Method of the Month 1: Ruby's sort vs. sort_by
Ruby’s Array has 2 methods for sorting: sort
and sort_by
. Both
methods sort your array (obviously) but they do it in slightly different ways.
Background
This article is based on a talk I gave at the Ann Arbor Ruby
Brigade in August. The idea for this talk was
conjured up at eRubyCon during a discussion
between Gayle Craig and me. We
decided we would each give a brief talk about the differences between
sort
and sort_by
at our next user group meetings. Amazingly, we
both followed through.
sort
A Ruby array’s sort
method is pretty straightforward. If called
without a block, it uses each objects’ comparison operator (<=>
) to
return a new array with all the elements sorted. If called with a
block, you may specify your own comparator as shown below:
[1, 4, 3, 7, 2, 9].sort # => [1, 2, 3, 4, 7, 9]
[1, 4, 3, 7, 2, 9].sort {|a, b| b <=> a} # => [9, 7, 4, 3, 2, 1]
Note that the block for sort
accepts two parameters. The return
value of the block must be -1, 0, or 1. -1 indicates that the first
item is less than the second, 0 indicates they are equal, and 1
indicates that the first item is greater than the second one.
sort_by
The sort_by
method is slightly different. Its block only takes one
parameter instead of two. Your array is then sorted by the results of
each of the block calls. For example:
[1, 4, 3, 7, 2, 9].sort_by {|i| -i} # => [9, 7, 4, 3, 2, 1]
%w{ abcd ab abc abcde }.sort_by {|i| i.length} # => ["ab", "abc", "abcd", "abcde"]
This is accomplished using something called a Schwartzian Transform.
The Schwartzian Transform
All a schwartzian transform does is turn each record of your array
into a tuple with the first element being the item on which you wish
to sort. That array of tuples is then sorted. Since the first item
in the tuple gets precedence, it is effectively the same as sorting
the array by the results of the sort_by
block. Once sorted, the
first element of the tuple is removed, leaving your original array in
sorted order. Below is an example implementation in pure ruby:
module Enumerable
# This is essentially the implementation of sort_by
# It's written in C in MRI, so it's a little faster
def my_sort_by
self.map {|i| [yield(i), i]}.sort.map {|j| j[1]}
end
end
Why choose one over the other?
If you’re sorting a small array, it really doesn’t matter which sort
method you choose. Use whichever is easiest to code and understand.

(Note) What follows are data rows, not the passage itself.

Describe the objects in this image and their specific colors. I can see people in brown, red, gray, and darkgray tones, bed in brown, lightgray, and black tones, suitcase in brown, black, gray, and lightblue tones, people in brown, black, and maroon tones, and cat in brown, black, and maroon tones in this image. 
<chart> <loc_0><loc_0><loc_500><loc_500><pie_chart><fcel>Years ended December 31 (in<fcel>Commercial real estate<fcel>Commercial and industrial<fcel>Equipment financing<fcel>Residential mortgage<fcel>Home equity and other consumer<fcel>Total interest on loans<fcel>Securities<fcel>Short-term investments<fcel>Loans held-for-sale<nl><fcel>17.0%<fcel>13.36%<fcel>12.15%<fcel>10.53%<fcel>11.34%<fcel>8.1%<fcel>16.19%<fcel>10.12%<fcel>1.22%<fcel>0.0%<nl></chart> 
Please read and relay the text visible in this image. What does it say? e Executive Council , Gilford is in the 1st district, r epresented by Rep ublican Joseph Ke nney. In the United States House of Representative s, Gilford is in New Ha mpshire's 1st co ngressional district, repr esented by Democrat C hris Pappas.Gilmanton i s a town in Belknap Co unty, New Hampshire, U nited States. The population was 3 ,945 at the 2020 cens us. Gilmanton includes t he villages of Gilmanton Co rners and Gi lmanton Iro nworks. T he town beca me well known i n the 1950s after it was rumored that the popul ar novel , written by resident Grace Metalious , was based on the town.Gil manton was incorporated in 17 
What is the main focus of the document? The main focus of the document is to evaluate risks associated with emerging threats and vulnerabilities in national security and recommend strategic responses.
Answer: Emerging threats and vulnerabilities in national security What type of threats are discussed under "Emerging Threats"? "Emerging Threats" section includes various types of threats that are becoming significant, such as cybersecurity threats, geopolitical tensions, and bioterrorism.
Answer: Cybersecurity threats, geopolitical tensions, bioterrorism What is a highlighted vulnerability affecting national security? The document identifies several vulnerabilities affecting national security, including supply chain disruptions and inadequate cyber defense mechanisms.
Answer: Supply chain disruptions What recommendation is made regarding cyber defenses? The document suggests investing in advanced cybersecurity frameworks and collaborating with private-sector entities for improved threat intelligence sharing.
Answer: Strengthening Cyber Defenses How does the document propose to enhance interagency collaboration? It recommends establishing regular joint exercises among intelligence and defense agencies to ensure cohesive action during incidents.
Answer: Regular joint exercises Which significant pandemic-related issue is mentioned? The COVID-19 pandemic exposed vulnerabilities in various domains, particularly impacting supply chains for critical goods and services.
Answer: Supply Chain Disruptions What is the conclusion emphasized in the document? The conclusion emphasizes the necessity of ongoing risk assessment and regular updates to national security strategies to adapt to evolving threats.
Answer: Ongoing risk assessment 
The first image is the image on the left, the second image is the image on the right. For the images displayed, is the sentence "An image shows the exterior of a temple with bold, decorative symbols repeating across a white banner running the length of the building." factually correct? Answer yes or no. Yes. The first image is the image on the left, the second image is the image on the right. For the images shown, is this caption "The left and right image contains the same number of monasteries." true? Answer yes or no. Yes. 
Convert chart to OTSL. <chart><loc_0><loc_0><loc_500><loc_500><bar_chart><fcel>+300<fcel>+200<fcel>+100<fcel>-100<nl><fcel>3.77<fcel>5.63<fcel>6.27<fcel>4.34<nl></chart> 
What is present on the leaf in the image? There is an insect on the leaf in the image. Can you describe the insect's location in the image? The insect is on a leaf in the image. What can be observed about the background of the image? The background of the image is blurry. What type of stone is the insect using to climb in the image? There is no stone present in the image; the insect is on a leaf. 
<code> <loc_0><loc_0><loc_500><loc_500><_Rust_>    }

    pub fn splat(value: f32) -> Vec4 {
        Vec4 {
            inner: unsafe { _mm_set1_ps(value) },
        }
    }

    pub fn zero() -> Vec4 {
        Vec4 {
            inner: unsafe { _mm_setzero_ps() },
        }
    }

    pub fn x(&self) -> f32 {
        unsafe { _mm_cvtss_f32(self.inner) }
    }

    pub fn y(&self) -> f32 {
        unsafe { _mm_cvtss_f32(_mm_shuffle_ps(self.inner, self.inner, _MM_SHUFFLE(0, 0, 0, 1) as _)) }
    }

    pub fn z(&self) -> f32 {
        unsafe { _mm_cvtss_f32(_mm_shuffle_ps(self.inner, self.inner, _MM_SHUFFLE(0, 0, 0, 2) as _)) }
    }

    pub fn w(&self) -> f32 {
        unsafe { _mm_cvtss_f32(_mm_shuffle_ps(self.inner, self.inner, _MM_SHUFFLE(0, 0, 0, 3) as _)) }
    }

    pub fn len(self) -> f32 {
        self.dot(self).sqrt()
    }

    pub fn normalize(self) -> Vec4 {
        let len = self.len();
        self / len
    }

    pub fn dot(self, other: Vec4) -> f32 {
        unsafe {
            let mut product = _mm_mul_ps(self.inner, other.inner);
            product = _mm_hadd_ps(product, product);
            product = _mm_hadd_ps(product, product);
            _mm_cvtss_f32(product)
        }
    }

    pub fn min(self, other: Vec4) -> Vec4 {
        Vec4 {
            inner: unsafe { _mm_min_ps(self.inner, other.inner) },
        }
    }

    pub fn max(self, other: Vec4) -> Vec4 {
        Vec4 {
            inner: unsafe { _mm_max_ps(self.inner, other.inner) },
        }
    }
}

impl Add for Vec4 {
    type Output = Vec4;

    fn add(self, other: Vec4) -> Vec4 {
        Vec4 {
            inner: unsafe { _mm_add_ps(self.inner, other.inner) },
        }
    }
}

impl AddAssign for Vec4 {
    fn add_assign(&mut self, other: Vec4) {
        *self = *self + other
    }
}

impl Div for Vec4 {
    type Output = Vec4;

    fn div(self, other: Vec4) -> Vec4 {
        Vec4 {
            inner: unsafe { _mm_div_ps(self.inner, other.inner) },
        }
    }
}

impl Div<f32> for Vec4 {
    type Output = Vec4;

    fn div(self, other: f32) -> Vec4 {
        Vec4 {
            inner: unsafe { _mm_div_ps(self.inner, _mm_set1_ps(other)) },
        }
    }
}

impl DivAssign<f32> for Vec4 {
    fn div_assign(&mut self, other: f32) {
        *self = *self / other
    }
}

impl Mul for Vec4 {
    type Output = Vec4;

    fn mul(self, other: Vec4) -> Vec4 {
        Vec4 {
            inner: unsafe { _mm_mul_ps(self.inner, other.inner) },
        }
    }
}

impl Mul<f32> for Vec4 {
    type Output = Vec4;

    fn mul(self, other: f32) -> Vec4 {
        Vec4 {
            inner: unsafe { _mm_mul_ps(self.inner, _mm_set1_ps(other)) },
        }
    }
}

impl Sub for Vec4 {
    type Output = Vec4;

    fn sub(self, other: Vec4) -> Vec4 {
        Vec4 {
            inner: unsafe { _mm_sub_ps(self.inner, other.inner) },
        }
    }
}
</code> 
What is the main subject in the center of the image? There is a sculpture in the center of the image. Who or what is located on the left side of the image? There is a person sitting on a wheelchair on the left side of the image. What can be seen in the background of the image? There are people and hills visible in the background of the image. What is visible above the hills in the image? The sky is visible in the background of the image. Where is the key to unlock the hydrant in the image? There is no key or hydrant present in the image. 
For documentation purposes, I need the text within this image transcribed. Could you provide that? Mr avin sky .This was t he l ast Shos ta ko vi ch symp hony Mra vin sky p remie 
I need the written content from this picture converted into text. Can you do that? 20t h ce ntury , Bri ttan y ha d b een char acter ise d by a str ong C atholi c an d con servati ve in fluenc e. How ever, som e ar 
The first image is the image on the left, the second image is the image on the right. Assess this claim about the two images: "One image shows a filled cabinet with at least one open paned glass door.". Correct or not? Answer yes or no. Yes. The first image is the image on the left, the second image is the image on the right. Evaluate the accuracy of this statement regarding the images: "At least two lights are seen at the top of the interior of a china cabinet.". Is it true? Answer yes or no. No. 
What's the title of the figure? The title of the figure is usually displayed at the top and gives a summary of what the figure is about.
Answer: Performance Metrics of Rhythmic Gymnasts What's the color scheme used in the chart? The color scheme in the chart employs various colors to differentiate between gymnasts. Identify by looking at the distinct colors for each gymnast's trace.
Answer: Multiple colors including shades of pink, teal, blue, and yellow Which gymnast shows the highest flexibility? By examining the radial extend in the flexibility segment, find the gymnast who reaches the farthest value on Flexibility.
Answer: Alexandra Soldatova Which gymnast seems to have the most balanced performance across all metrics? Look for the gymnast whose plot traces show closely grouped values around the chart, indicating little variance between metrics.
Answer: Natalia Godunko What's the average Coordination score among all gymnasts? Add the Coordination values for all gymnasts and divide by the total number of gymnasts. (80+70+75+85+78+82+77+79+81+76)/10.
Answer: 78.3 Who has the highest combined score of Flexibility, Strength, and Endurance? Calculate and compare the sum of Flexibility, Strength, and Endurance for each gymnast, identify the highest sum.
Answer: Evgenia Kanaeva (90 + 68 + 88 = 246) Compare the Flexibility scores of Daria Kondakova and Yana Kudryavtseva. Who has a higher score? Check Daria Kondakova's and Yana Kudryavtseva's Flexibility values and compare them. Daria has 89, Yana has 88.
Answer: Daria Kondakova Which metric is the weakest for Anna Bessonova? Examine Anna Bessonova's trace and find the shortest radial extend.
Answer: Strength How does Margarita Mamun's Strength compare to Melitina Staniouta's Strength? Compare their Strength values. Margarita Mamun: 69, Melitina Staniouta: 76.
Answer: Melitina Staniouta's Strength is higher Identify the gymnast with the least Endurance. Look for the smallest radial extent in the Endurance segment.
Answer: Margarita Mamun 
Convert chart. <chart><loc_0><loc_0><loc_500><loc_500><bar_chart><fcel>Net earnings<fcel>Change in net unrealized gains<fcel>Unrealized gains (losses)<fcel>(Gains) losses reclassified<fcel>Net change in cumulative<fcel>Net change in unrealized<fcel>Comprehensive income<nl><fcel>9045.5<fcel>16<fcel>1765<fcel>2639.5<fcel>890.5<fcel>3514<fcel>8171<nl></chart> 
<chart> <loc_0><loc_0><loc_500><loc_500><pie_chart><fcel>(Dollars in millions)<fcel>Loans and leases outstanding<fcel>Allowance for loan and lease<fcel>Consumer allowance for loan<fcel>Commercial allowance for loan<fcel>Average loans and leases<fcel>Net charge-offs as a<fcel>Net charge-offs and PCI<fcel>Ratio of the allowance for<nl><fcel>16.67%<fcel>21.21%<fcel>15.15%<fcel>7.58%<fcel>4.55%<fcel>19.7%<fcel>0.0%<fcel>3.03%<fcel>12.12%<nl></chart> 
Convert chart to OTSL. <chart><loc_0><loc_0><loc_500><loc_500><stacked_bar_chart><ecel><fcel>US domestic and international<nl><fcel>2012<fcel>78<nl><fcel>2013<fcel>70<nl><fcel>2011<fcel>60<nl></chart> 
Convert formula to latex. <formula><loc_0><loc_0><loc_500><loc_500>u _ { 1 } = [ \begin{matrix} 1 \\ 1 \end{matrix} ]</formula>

For larger arrays, however, the performance differences between sort
and sort_by
can be substantial.
You generally want to use sort_by
over sort
whenever comparisons
are relatively expensive. Note that in Ruby, method dispatch is often
enough to count as an expensive comparison. Unless you’re sorting
things that end up as C primitives in MRI (like an Integer) you’ll
likely want to use sort_by
.
The performance varies so greatly because of the Schwartzian
Transform. Using sort
, each pairwise comparison that must be
performed calls the <=>
operator. In the case of sort_by
, the
comparison “calculation” is only done once at the beginning, and then
the array is sorted on an Integer primitive much more quickly.
I hope this was helpful to someone. It’s probably more than anyone has written on the difference between these two methods.